(Records drawn from a dataset)
──────
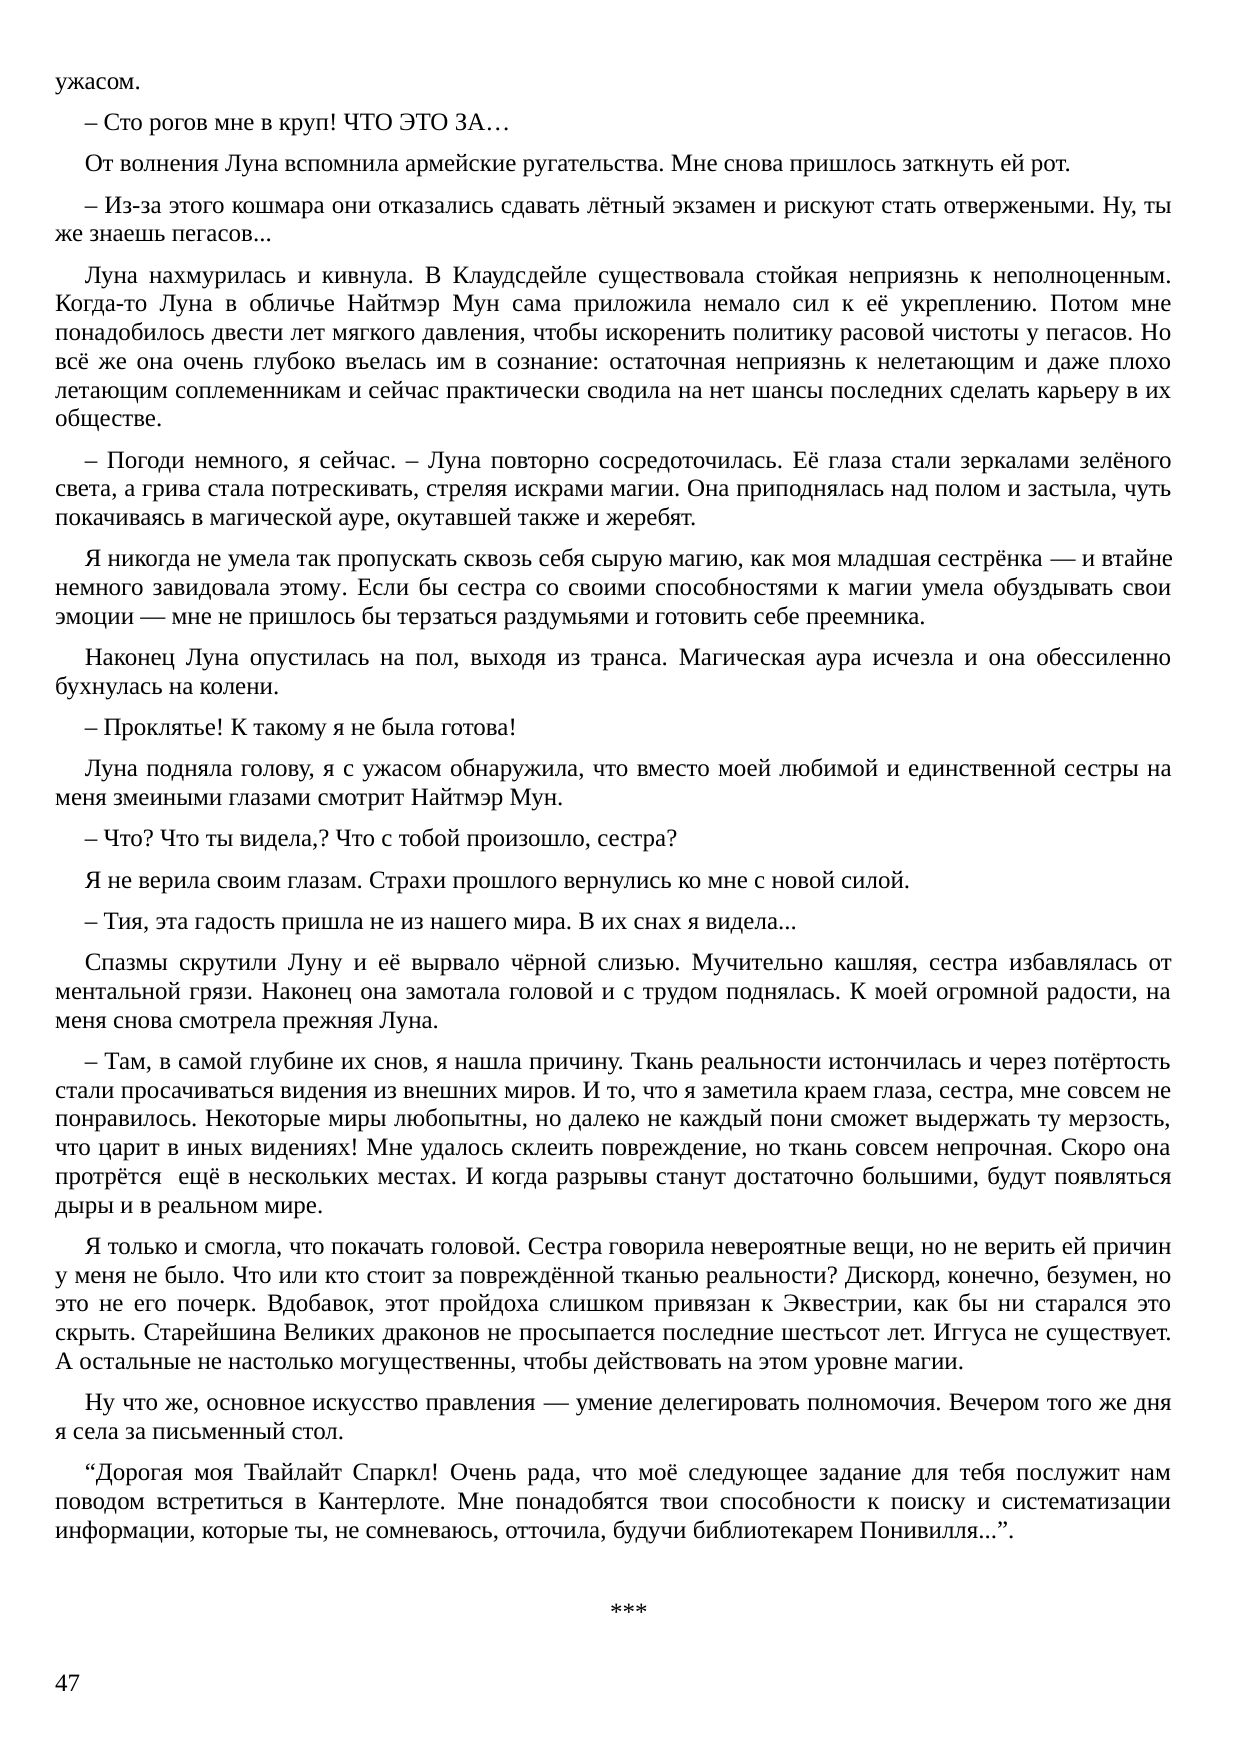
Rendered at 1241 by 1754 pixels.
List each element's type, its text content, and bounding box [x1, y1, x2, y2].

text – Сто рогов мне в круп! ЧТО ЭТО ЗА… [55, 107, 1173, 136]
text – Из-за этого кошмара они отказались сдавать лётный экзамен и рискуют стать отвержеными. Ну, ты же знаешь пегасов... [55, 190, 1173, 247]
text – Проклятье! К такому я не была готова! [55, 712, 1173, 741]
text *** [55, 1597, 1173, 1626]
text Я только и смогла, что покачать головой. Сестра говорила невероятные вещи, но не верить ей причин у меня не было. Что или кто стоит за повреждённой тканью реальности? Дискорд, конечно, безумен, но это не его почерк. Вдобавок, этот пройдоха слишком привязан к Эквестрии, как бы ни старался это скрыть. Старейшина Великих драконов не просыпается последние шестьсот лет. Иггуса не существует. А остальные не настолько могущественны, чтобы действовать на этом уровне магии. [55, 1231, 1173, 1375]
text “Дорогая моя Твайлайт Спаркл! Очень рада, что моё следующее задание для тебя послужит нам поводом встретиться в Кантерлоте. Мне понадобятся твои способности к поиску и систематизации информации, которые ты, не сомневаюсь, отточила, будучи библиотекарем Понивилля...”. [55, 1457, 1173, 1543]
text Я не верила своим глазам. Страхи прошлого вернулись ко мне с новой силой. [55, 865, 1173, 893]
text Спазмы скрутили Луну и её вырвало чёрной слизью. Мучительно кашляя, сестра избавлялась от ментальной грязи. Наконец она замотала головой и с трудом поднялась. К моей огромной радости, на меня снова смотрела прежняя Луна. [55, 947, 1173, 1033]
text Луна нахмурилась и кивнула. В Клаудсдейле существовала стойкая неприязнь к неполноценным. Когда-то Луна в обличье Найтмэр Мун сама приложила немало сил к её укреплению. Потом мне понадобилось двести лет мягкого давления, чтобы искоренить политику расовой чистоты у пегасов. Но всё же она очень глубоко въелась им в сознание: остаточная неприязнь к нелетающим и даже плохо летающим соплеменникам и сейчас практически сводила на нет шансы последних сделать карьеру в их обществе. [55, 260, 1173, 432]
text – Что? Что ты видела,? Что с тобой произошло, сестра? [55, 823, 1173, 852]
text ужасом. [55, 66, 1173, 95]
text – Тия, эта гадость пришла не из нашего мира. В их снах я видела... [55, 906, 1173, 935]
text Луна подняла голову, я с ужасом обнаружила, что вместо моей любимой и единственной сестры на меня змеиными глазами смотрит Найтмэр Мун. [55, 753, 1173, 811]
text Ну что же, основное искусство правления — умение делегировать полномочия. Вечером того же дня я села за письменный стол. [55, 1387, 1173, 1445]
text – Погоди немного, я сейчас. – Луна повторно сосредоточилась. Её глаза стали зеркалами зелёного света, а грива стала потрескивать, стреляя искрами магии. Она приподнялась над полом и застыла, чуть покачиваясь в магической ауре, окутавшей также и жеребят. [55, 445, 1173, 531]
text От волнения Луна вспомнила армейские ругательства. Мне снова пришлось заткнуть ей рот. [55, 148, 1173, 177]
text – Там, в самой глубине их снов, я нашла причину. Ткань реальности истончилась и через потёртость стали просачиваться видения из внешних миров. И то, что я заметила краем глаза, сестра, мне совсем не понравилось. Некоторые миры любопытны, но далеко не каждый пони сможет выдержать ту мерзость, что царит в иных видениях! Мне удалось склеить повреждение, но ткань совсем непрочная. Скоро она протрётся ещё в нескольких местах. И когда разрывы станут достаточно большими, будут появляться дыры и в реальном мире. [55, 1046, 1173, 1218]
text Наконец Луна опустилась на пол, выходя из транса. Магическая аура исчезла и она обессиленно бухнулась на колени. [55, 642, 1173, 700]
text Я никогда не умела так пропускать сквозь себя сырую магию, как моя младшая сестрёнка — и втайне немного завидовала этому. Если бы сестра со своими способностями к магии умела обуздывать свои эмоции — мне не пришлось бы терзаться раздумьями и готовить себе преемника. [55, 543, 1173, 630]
──────
About this task =
Give again, please, precisely the lines that begin the records and run through the line with "text Я только" in it, keeping both end lines and dropping any pictures.

Written solution =
Rendered at 1241 by 1754 pixels.
List each element's type, its text content, and bounding box [x1, y1, x2, y2].

text – Сто рогов мне в круп! ЧТО ЭТО ЗА… [55, 107, 1173, 136]
text – Из-за этого кошмара они отказались сдавать лётный экзамен и рискуют стать отвержеными. Ну, ты же знаешь пегасов... [55, 190, 1173, 247]
text – Проклятье! К такому я не была готова! [55, 712, 1173, 741]
text *** [55, 1597, 1173, 1626]
text Я только и смогла, что покачать головой. Сестра говорила невероятные вещи, но не верить ей причин у меня не было. Что или кто стоит за повреждённой тканью реальности? Дискорд, конечно, безумен, но это не его почерк. Вдобавок, этот пройдоха слишком привязан к Эквестрии, как бы ни старался это скрыть. Старейшина Великих драконов не просыпается последние шестьсот лет. Иггуса не существует. А остальные не настолько могущественны, чтобы действовать на этом уровне магии. [55, 1231, 1173, 1375]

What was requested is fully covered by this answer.